Can an Agile Development Approach Work for a Data Warehouse?

By now, Agile development methodologies have more than proven themselves in the software engineering industry. Agile & Scrum has provided development teams with a process that is lightweight, flexible and effective in keeping software projects on-time, on-budget and closer to user expectations.

So why can’t we apply that same approach to data warehouse and BI projects? Well, we can. In this post, I’ll kick-off my conversations with you about how you can apply Agile Scrum for your DW & BI development teams. Many lessons that I’ve learned @ both Oracle and Microsoft will be applied here as well as the practices that we apply @ Razorfish, many of which originate from Ken W. Collier’s exellect book Agile Analytics, which I highly recommend.

One of the effective approaches that Ken takes in his book is the same teaching mechanism that I use, which is to teach the basics of Agile Scrum development and adapt to DW & BI practices. I’ll dive into this throughout my posts to make that more clear. But for now, simply think about the Agile Manifesto and the principles applied therein, namely self-organizing teams, working software for each Sprint review in Scrum and user stories for voice of the customer. From there, we’ll work in the specifics of DW & BI development, which is different in many aspects to developing software in Java or .NET. And since we’re using basic Agile Scrum practices, nearly any good book or article on forming Scrum teams will work.

I also like to emphasize TDD (test-driven development) as an approach that is most effective to quality products in business intelligence and data warehouse solutions.
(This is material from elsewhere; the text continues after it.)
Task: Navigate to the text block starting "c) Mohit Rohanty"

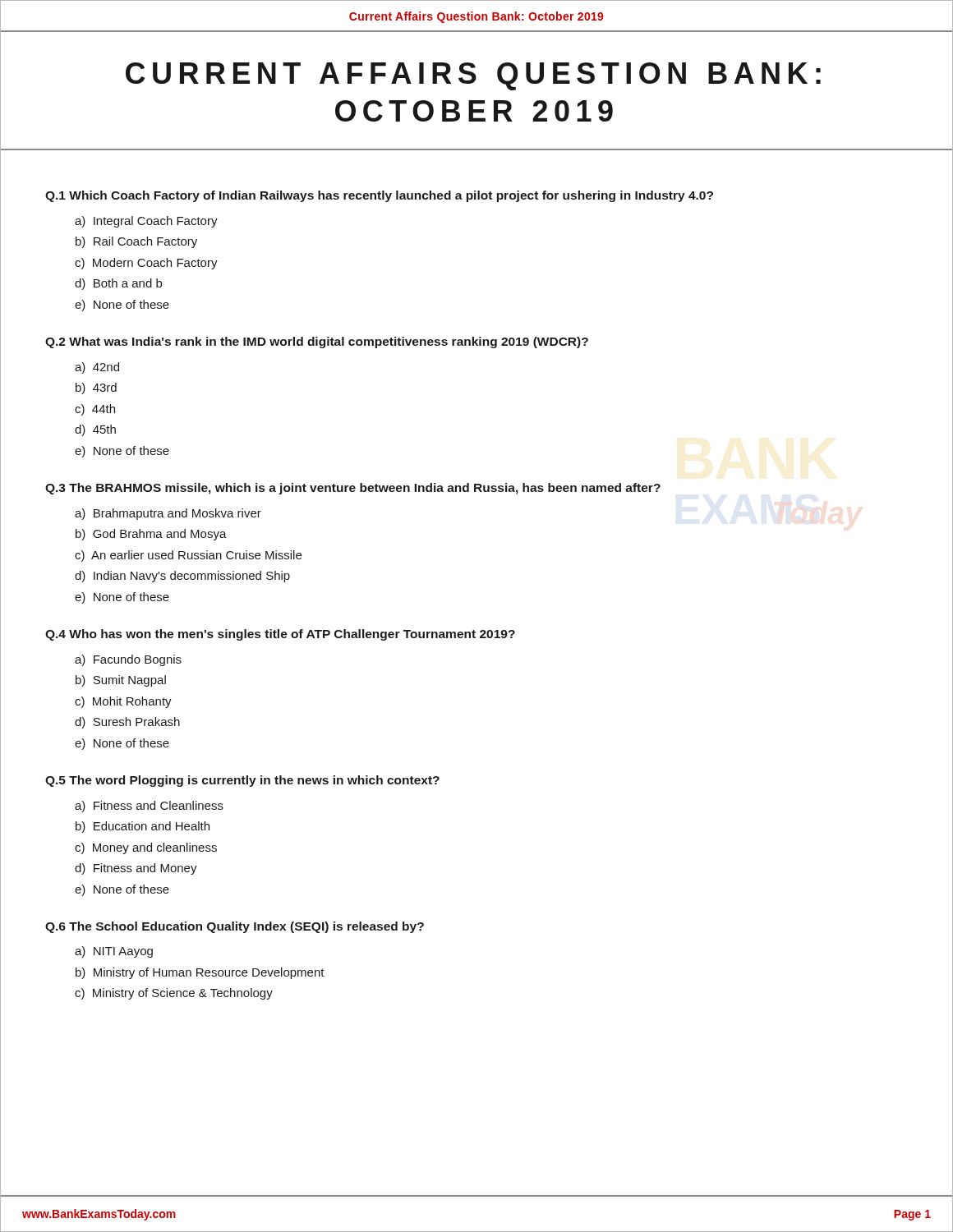Action: [x=123, y=701]

To classic software development professionals, this may seem like a no-brainer. TDD has been also proven very effective at producing quality iterations in development cycles. However, once again, in the DW & BI world, TDD is a bit more difficult. Sticking with data warehouse development for this initial post, it’s important to remember that DW professionals will develop solutions using ETL 4GL tools, SQL code and workflow integration packages. Tool vendors like Microsoft (Visual Studio with Data-Tier Applications, SSIS 2012 and TFS include some support for Agile, versioning, releases and TDD) and open-source tools like Pentaho are moving more & more toward Agile BI.

But generally speaking, it can be challenging for DWBI developers to easily integrate these Agile practices into the development cycle.

My experience has been that it is possible to self-organize, test-first, generate user stories and develop from a backlog in 30-day iterations with working solutions at the end of each iteration in the DWBI world. There is, however, a specific persona in these projects whose job becomes more challenging, as opposed to easier, with Agile, that is not found as much in other software engineering projects. That is the role of the data modeler.

In large and highly-integrated data warehouse solutions, the data modeler is especially important, as you will likely benefit from a canonical model with Web Services integration and contract-first approaches. This can make the reality of a highly-flexible 30-day iteration approach difficult for a role whose intent is to keep things locked-down and with a scope that is quite larger. Certainly much larger than what can be accomplished in 30 days.

Therefore, the approach that we took was to plan a separate set of data modeling sprints that were devised from a backlog coming from user stories that were developed before Sprint Zero even began on the DW project. Within 3 months, we had the model defined such that services, analytics, UX and other areas of the solution could work against a solid set of interfaces. Those Sprints also gave us the opportunity to test and prove-out the model before moving forward by using prototype mock-up reports that used completely auto-generated data in the databases.

So, that’s a starting point for your journey into Agile Analytics from my perspective. I’ve worked on a number of very large DWBI projects where we chose to organize in Agile Scrum teams and it has worked very effectively. There were a number of growing pains, as in each case, many of the team members were new to the approach. I’ll keep posting here and sharing my experiences and lessons learned to help you on your way to successful data warehouse business intelligence projects!